(Records from a collection)
--------

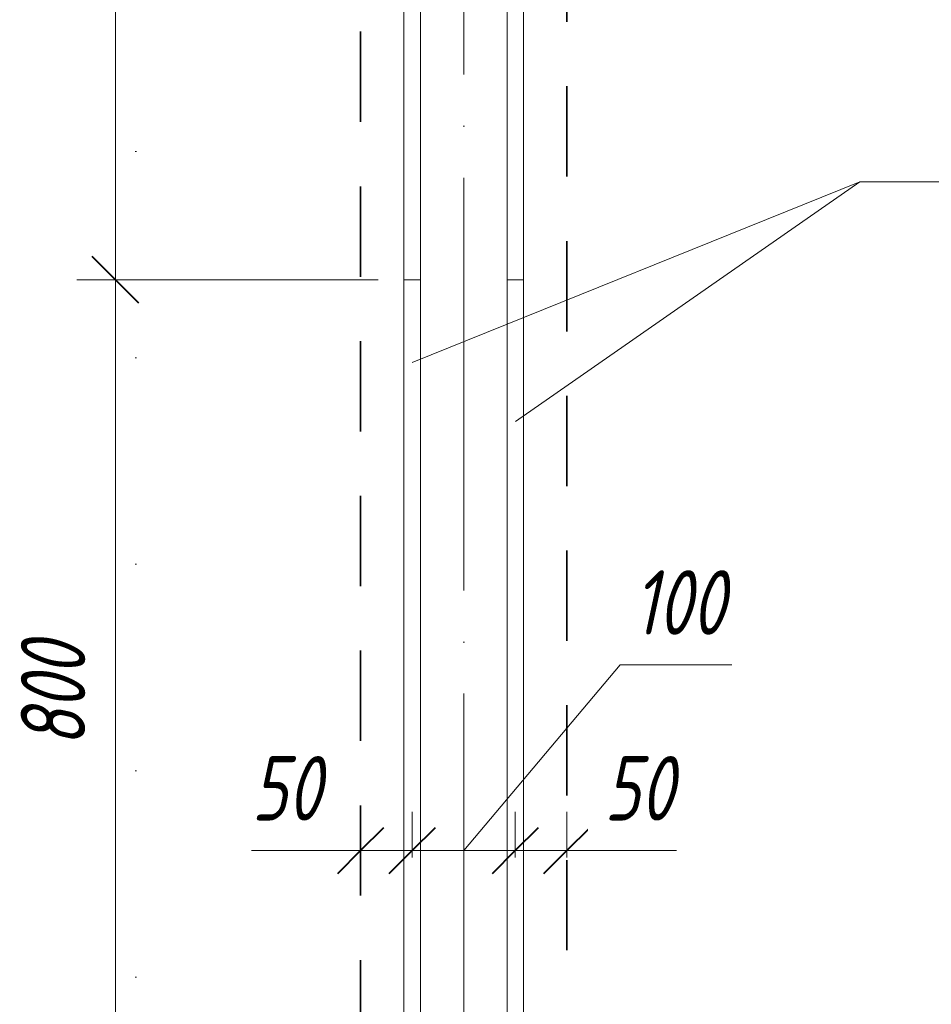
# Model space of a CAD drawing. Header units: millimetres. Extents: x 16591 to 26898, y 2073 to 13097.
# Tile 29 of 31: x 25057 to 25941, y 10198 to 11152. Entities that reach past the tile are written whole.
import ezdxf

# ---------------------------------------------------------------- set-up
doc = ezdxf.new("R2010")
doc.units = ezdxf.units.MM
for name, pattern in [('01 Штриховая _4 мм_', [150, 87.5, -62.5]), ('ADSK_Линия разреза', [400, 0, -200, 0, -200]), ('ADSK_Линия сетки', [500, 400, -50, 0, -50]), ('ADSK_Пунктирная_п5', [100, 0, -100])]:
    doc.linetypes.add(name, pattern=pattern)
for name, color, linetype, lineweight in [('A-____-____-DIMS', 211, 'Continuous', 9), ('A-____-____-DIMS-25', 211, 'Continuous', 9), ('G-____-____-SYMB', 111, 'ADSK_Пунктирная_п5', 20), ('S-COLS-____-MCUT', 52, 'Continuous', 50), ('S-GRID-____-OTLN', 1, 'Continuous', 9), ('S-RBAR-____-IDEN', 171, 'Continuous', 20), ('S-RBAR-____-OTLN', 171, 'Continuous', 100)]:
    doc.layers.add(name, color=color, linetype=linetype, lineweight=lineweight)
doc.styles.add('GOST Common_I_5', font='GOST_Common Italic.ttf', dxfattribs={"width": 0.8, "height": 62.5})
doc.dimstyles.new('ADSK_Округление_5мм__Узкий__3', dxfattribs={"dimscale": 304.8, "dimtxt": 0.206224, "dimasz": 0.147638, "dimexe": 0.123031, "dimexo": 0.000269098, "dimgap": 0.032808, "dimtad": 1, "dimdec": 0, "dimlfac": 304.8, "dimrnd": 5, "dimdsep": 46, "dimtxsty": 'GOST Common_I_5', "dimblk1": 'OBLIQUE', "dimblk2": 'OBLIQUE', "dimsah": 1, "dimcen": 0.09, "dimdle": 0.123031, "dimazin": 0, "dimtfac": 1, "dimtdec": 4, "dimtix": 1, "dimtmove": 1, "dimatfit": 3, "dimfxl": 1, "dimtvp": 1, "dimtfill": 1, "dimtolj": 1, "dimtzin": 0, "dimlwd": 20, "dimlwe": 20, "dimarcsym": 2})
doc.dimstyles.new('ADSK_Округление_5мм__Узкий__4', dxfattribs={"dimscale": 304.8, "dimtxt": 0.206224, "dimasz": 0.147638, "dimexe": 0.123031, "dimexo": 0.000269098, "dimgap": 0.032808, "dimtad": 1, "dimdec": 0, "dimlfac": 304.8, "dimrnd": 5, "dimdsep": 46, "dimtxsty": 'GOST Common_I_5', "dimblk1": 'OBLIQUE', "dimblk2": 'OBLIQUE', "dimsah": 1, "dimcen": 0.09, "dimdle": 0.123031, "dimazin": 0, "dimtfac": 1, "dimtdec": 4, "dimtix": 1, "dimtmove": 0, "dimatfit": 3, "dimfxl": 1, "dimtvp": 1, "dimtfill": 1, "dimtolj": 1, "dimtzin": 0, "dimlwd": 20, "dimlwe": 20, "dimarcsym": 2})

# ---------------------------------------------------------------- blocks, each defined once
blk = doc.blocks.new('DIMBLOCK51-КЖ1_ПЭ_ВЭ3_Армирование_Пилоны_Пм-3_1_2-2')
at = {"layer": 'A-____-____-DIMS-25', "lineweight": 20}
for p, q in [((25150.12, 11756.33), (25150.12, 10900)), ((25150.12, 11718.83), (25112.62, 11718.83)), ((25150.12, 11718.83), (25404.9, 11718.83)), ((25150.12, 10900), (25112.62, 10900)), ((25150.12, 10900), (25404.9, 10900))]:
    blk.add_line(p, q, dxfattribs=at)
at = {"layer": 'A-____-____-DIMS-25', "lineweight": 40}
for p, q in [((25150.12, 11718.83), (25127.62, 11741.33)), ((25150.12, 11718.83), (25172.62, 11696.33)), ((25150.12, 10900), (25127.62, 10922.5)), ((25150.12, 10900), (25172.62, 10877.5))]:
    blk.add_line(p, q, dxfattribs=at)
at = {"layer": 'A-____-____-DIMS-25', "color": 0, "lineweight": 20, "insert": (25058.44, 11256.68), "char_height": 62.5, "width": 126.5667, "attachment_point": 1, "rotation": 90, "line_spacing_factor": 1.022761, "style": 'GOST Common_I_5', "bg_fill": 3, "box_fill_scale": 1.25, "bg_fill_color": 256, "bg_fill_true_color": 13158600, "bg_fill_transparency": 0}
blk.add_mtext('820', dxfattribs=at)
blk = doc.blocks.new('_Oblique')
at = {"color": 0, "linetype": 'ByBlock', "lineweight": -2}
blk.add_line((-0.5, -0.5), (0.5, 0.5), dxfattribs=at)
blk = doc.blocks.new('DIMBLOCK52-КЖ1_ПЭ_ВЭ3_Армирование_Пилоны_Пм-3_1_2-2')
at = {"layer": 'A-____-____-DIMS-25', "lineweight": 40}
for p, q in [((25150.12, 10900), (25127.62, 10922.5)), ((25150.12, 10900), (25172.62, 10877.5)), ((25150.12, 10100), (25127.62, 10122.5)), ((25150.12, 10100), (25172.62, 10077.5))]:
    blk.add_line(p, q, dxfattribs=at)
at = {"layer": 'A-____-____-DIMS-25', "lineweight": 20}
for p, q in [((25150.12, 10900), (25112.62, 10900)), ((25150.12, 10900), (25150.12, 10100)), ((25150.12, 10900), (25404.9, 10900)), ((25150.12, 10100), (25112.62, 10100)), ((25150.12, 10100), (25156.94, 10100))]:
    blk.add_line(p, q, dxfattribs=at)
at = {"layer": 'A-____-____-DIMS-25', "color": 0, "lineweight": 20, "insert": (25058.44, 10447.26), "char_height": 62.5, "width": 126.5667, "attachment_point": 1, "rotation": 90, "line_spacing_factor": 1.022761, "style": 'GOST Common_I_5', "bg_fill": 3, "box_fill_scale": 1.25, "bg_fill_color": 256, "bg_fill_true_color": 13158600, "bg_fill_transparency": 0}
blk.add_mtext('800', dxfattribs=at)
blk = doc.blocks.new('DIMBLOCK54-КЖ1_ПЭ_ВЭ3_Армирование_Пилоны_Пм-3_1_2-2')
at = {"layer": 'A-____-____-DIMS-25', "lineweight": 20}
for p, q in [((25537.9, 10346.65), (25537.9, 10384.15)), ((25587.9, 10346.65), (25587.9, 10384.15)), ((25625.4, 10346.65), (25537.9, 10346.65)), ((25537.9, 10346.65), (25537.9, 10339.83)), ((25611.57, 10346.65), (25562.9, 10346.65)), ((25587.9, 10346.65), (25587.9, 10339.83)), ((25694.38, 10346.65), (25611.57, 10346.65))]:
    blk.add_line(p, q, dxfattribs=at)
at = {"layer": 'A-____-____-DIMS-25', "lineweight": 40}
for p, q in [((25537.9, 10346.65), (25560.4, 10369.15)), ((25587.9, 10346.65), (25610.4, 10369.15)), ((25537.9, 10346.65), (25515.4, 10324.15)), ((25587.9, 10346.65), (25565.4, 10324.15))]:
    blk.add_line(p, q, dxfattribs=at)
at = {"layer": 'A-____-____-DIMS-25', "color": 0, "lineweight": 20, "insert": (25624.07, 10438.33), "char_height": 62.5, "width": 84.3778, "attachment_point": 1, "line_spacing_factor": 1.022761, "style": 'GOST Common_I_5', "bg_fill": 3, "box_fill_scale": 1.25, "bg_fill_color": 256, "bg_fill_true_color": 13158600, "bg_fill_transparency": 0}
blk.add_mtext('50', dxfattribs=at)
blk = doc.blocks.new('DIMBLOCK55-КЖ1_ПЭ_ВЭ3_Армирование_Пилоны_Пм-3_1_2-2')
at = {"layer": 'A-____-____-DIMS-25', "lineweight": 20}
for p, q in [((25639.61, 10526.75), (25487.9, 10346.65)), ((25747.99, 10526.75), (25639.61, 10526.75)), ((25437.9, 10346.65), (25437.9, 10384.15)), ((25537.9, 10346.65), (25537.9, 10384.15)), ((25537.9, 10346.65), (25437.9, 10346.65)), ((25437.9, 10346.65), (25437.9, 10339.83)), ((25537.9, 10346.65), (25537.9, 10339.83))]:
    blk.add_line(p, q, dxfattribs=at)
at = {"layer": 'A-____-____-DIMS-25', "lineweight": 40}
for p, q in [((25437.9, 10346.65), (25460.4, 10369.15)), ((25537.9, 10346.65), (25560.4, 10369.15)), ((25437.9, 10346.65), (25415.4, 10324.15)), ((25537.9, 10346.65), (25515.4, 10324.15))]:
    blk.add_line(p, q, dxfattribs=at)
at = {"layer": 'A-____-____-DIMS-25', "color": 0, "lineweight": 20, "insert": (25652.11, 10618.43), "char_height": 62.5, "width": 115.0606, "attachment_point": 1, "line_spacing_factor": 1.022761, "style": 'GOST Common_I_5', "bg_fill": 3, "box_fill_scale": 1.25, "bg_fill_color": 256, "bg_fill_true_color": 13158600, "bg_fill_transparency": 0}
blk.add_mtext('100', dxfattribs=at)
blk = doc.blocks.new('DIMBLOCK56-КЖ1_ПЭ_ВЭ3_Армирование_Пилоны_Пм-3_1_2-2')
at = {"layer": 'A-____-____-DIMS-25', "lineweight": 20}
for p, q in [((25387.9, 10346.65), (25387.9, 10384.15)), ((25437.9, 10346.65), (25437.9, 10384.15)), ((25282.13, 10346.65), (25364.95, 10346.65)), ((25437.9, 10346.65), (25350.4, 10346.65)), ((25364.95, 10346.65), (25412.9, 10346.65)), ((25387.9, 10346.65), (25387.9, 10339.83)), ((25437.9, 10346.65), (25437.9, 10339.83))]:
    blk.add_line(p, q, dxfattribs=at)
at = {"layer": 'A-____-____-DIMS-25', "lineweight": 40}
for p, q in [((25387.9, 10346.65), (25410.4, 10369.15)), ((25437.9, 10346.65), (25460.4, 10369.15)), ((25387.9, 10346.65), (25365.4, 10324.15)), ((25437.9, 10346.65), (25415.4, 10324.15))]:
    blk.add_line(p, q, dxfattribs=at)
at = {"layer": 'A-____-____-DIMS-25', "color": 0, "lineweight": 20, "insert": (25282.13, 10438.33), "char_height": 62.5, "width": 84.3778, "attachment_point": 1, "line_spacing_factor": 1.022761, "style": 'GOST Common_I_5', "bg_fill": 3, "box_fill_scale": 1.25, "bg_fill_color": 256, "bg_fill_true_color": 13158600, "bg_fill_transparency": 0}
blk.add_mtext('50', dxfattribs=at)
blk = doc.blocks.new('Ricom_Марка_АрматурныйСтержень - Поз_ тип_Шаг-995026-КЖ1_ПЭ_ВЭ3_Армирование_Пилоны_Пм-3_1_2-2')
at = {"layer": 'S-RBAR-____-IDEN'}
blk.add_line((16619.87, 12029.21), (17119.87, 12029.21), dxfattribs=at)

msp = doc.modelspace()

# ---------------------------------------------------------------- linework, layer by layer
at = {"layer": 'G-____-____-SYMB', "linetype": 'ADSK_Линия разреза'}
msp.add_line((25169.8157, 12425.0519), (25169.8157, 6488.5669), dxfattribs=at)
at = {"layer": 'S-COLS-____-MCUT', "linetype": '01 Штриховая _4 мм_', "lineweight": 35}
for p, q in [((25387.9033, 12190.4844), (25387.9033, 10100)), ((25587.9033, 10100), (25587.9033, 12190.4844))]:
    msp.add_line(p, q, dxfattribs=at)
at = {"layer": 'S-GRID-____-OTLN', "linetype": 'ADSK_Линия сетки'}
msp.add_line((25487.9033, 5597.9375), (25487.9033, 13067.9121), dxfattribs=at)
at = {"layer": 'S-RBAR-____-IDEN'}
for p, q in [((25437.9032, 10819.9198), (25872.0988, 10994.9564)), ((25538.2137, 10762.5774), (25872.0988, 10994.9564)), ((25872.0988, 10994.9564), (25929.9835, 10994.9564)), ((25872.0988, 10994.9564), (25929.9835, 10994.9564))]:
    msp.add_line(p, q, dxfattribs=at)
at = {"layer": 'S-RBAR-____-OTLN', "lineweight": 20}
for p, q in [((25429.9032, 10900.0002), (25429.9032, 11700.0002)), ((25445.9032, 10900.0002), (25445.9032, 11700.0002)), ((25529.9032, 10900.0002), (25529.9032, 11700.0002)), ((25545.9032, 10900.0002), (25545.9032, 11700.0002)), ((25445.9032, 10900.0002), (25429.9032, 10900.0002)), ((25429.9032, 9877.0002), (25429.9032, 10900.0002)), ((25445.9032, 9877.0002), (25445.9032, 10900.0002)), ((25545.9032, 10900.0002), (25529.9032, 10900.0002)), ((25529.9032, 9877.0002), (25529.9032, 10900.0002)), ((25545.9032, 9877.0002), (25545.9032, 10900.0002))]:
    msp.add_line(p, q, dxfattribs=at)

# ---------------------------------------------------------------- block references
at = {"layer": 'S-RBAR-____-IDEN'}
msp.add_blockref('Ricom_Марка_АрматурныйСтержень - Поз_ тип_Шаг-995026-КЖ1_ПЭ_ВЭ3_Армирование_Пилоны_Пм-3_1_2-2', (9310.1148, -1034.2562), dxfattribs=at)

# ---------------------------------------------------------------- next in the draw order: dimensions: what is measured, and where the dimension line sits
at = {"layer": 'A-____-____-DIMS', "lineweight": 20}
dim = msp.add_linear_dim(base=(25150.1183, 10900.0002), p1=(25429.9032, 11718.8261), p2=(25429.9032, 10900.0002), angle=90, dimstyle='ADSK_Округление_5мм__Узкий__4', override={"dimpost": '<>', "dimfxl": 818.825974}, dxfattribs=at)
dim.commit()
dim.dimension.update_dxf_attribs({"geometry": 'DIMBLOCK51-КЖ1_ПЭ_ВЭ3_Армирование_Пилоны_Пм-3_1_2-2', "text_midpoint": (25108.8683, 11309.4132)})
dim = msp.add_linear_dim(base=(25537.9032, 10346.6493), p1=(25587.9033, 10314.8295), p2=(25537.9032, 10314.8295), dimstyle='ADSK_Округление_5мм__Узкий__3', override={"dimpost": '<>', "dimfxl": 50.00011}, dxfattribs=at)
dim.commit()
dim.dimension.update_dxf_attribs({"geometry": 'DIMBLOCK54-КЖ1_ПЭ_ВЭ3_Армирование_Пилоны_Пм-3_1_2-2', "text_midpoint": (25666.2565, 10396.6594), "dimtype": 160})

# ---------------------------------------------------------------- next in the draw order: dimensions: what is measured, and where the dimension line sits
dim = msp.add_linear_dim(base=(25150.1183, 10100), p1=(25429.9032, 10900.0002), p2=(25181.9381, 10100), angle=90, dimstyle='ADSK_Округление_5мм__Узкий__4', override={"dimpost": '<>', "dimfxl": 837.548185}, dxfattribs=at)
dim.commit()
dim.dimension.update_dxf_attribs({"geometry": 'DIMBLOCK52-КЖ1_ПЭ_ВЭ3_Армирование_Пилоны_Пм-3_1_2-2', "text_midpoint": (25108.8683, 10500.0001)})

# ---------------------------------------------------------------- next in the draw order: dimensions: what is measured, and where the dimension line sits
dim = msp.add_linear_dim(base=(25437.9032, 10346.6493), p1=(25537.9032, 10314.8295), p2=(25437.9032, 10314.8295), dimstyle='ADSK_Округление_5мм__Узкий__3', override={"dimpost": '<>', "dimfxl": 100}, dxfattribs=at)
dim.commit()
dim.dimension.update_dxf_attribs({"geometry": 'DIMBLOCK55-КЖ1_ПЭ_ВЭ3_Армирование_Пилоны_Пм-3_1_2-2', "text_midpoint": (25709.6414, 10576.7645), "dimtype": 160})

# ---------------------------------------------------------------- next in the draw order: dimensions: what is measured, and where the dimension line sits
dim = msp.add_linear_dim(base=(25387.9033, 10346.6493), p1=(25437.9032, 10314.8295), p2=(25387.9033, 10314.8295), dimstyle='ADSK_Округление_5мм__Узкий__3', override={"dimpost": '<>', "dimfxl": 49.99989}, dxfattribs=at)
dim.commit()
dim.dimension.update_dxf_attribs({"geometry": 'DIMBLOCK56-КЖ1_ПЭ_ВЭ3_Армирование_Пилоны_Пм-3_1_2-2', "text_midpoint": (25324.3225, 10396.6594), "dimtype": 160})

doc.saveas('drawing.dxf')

--------

| What the task asks |
Pictures are to be left out while the lines from the beginning of the records through the line with "doc.styles.add('GOST Common_I_5', font='GOST_Common" are copied word for word.

| Response |
# Model space of a CAD drawing. Header units: millimetres. Extents: x 16591 to 26898, y 2073 to 13097.
# Tile 29 of 31: x 25057 to 25941, y 10198 to 11152. Entities that reach past the tile are written whole.
import ezdxf

# ---------------------------------------------------------------- set-up
doc = ezdxf.new("R2010")
doc.units = ezdxf.units.MM
for name, pattern in [('01 Штриховая _4 мм_', [150, 87.5, -62.5]), ('ADSK_Линия разреза', [400, 0, -200, 0, -200]), ('ADSK_Линия сетки', [500, 400, -50, 0, -50]), ('ADSK_Пунктирная_п5', [100, 0, -100])]:
    doc.linetypes.add(name, pattern=pattern)
for name, color, linetype, lineweight in [('A-____-____-DIMS', 211, 'Continuous', 9), ('A-____-____-DIMS-25', 211, 'Continuous', 9), ('G-____-____-SYMB', 111, 'ADSK_Пунктирная_п5', 20), ('S-COLS-____-MCUT', 52, 'Continuous', 50), ('S-GRID-____-OTLN', 1, 'Continuous', 9), ('S-RBAR-____-IDEN', 171, 'Continuous', 20), ('S-RBAR-____-OTLN', 171, 'Continuous', 100)]:
    doc.layers.add(name, color=color, linetype=linetype, lineweight=lineweight)
doc.styles.add('GOST Common_I_5', font='GOST_Common Italic.ttf', dxfattribs={"width": 0.8, "height": 62.5})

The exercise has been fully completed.